Stan Sudol is a Toronto-based communications consultant, who writes extensively about mining issues.(stan.sudol@republicofmining.com)

The Yukon Klondike

I have a small complaint about Canadian mining history or more importantly, our media coverage of past gold rushes. The Yukon Klondike gold rush of 1896-1899 seems to take all the glory – thanks to writers like Jack London, Robert W. Service and Canadian literary icon, Pierre Berton – while northern Ontario’s four globally significant gold/silver discoveries in the first half of the last century do not get the historical respect they deserve.

The initial Klondike discovery, on August 16, 1896, at a fish camp near the junction of the Yukon and Klondike rivers, is credited to George Carmack and his Tagish Indian brothers-in-law, Skookum Jim Mason and Dawson (Tagish) Charlie. Robert Henderson, a Nova Scotia prospector is credited as a cofounder, since it was on his advice that the discovery was made, however he made no money from the find.
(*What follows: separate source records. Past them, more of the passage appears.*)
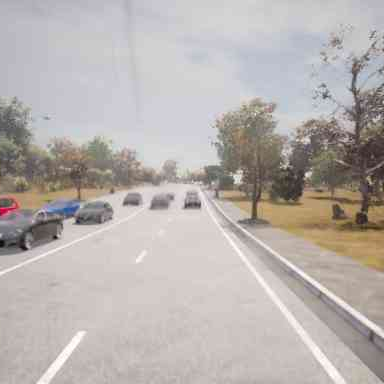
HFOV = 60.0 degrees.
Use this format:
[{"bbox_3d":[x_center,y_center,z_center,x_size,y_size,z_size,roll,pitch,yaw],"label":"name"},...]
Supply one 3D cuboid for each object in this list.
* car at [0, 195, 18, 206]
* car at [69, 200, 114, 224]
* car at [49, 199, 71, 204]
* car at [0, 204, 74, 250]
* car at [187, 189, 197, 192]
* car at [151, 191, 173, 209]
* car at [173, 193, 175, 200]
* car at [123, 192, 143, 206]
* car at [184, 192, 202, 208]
[{"bbox_3d":[-10.595,1.202,16.411,2.150,2.045,5.566,0,0,-1],"label":"car"},{"bbox_3d":[-7.089,1.433,24.551,1.837,1.490,4.892,0,1,0],"label":"car"},{"bbox_3d":[-10.583,1.355,26.878,1.882,1.535,5.008,0,2,0],"label":"car"},{"bbox_3d":[-7.099,1.475,14.203,2.128,1.511,4.902,0,0,0],"label":"car"},{"bbox_3d":[0.022,0.353,48.348,1.812,1.442,4.674,0,3,0],"label":"car"},{"bbox_3d":[-3.399,0.964,36.433,1.837,1.490,4.892,0,3,0],"label":"car"},{"bbox_3d":[-3.482,0.458,47.798,1.895,1.301,4.718,0,3,0],"label":"car"},{"bbox_3d":[-7.007,0.787,39.856,1.837,1.490,4.892,0,3,0],"label":"car"},{"bbox_3d":[0.102,1.031,36.966,1.895,1.301,4.718,0,3,0],"label":"car"}]
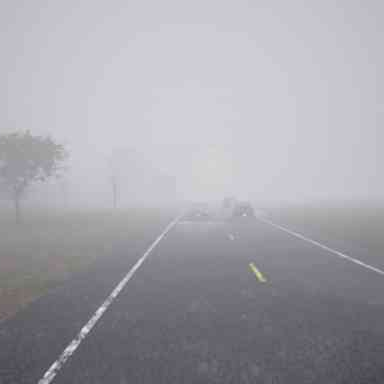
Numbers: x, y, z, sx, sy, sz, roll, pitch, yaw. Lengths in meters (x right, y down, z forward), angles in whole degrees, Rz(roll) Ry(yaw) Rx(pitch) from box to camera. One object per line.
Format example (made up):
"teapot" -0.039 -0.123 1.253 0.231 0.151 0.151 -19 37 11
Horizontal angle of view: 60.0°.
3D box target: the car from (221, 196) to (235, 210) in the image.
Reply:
"car" 4.636 1.315 41.087 2.097 1.767 4.553 0 0 4

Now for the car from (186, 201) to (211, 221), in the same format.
"car" 0.552 1.498 27.483 1.812 1.442 4.674 0 0 2

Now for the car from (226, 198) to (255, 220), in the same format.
"car" 4.088 1.487 27.588 1.837 1.490 4.892 0 0 3
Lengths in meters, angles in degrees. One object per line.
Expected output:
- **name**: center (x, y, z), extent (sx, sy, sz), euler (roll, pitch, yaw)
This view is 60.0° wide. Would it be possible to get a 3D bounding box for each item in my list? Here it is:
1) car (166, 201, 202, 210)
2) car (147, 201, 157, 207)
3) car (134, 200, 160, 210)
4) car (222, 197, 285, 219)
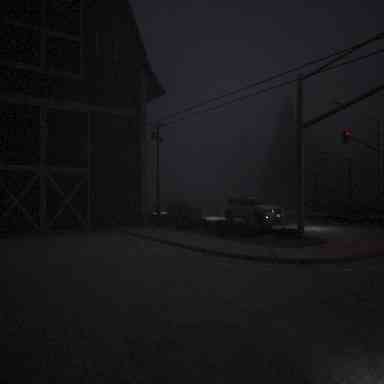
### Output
- **car**: center (-0.903, 1.708, 34.735), extent (1.882, 1.535, 5.008), euler (0, 0, -35)
- **car**: center (-6.290, 1.786, 42.597), extent (1.837, 1.490, 4.892), euler (0, 0, -34)
- **car**: center (-6.719, 1.922, 49.571), extent (1.895, 1.301, 4.718), euler (0, 0, -34)
- **car**: center (4.737, 1.400, 26.509), extent (2.150, 2.045, 5.566), euler (0, 0, -34)
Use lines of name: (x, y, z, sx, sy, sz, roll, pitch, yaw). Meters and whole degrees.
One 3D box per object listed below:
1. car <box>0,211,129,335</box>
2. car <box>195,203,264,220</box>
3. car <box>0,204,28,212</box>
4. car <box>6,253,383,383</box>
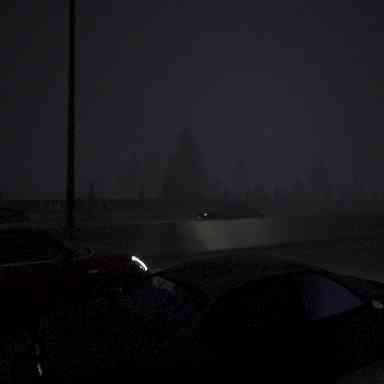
car: (-2.959, 1.329, 5.754, 4.553, 1.767, 2.097, 0, 0, -35)
car: (2.916, 1.518, 25.534, 5.357, 1.411, 2.033, 0, 0, -26)
car: (-7.614, 1.305, 11.260, 4.553, 1.767, 2.097, 0, 0, -34)
car: (0.829, 1.537, 4.169, 5.357, 1.411, 2.033, 0, 0, -33)
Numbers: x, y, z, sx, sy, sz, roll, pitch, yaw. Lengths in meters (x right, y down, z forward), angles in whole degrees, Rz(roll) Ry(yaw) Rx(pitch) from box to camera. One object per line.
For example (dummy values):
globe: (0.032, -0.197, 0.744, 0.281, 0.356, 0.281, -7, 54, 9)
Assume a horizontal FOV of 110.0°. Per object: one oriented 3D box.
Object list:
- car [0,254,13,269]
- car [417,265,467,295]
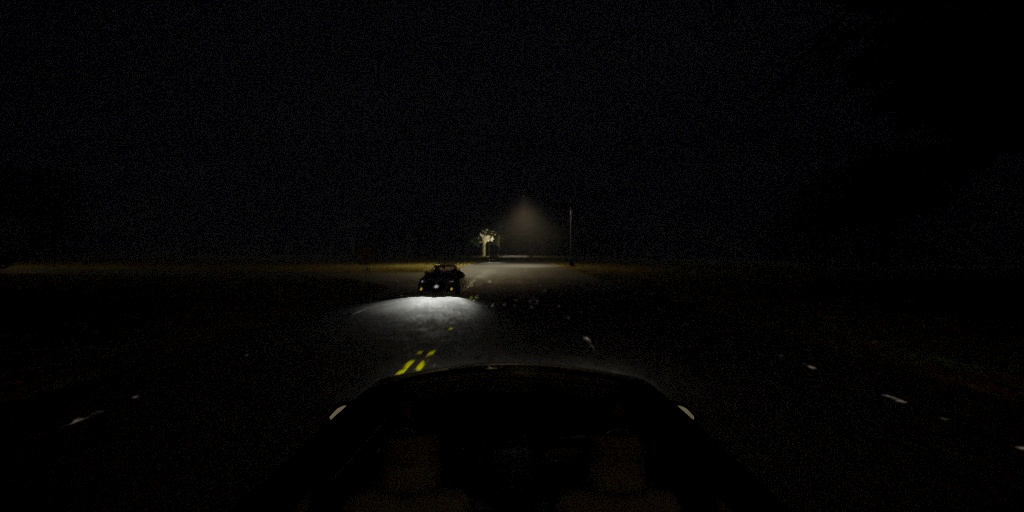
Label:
car: (-48.545, 0.406, 32.544, 4.892, 1.490, 1.837, 1, -1, 0)
car: (-3.490, 1.176, 18.526, 1.994, 1.385, 4.181, 0, 1, 0)

At the height of the rush, Dawson City, the main staging town at the mouth of the Klondike River had a booming population of about 30,000 and was known as the most cosmopolitan city west of Winnipeg and north of Vancouver.  Due to its isolation, all the claims had been staked by the time most people finally arrived. Some of the most memorable photographs from the period show a thin line of thousands of people climbing the legendary Chilkoot Pass – the shortest but most difficult route to the goldfields – bringing the required year’s supply of food and living material.

Fortunes were made and lost in Dawson City’s “rip-roaring” frontier atmosphere where prostitutes were tolerated and nearly everyone was on the lookout for charlatans and con men. Many became rich just supplying services to the stampeders.  In total, about 12.5 million ounces of gold was produced during this short-lived rush that lasted for less than a decade.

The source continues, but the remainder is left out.